Eine ideale Plattform für den iranischen Präsidenten, den Fokus auf sein Lieblingsthema Aussenpolitik zu verschieben. Dazu wird es laut Angaben des iranischen Aussenministeriums nicht kommen, das am Dienstag erklärte, der Präsident werde die OPEC-Sitzung weder leiten noch daran teilnehmen. Es ist anzunehmen, dass er erneut von Chamenei zurückgepfiffen worden ist.
Bisher konnte sich Ahmadinedschad halten und es ist zweifelhaft, ob Chamenei wirklich gewillt ist, ihn ganz fallen zu lassen.

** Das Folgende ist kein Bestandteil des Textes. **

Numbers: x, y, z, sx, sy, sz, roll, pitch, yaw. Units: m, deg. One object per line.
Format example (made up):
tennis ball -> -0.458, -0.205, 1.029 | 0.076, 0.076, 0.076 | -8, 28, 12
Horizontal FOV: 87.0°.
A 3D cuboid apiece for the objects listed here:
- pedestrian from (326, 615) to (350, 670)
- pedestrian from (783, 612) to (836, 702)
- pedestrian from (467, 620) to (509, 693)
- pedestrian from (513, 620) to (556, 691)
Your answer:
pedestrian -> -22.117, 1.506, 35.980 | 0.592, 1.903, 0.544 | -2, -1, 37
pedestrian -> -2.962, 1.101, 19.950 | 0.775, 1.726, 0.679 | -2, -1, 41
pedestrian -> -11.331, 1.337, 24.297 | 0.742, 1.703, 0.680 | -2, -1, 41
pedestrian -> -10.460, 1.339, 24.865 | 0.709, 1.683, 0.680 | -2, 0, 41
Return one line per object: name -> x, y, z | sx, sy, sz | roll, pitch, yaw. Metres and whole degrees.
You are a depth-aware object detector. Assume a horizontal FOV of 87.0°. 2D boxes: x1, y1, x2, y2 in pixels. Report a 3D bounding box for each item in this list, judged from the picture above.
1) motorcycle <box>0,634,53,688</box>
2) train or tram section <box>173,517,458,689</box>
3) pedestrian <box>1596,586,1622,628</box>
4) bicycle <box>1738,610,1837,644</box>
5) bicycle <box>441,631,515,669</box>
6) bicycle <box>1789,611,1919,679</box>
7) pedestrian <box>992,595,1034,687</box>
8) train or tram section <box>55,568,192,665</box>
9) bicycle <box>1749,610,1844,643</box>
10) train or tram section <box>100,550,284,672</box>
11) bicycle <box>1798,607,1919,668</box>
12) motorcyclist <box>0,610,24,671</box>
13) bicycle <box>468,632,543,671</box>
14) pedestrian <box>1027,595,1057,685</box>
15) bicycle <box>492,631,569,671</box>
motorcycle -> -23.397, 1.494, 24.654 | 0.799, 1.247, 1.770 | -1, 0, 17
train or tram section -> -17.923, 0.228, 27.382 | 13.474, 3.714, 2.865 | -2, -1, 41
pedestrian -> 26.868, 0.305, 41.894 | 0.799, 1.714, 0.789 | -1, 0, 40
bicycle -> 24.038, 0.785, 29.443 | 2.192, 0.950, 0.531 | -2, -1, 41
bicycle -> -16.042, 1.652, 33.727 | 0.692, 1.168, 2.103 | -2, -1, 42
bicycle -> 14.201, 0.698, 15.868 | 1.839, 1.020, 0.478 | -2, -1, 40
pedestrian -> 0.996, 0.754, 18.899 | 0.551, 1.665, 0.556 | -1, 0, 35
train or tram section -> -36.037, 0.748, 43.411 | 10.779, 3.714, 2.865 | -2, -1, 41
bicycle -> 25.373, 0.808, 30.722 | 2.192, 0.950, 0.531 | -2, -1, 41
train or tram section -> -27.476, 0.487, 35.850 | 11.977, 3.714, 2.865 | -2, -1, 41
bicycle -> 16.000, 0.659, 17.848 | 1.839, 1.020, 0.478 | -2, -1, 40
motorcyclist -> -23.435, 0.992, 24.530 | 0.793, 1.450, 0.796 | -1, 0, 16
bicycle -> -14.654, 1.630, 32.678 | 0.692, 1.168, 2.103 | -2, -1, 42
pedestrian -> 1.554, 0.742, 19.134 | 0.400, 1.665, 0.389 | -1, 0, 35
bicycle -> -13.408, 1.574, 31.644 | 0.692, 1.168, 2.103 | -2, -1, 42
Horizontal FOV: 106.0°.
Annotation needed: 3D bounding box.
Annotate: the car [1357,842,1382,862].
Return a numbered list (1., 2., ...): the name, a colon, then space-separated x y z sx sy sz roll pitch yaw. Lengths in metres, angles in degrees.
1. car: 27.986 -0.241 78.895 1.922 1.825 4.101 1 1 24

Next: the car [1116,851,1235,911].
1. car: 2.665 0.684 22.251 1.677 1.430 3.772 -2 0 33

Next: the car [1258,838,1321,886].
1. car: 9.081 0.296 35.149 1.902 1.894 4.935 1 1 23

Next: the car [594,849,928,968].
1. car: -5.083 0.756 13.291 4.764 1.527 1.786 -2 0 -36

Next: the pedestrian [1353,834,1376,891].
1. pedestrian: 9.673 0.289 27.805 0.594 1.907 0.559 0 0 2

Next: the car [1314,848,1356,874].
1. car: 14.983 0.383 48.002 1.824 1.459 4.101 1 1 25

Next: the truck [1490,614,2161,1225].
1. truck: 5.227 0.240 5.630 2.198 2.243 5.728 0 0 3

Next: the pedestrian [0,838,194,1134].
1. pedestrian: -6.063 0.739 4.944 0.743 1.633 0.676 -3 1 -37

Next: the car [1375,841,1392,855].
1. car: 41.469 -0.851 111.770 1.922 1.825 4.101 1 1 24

Zweifellos muss er sich seine nächsten Schritte gut überlegen. Nachdenklich sollte ihn stimmen, dass er und sein Gefolge in konservativen Kreisen inzwischen als «abweichende Strömung» bezeichnet werden. Wer im Iran in Ungnade fällt, wird üblicherweise nicht mehr mit seinem Namen, sondern einem wenig schmeichelnden Alias angesprochen. Die Führer der grünen Oppositionsbewegung heissen entsprechend «Anführer der Volksverhetzung» und die Volksmudschahedin «Heuchler».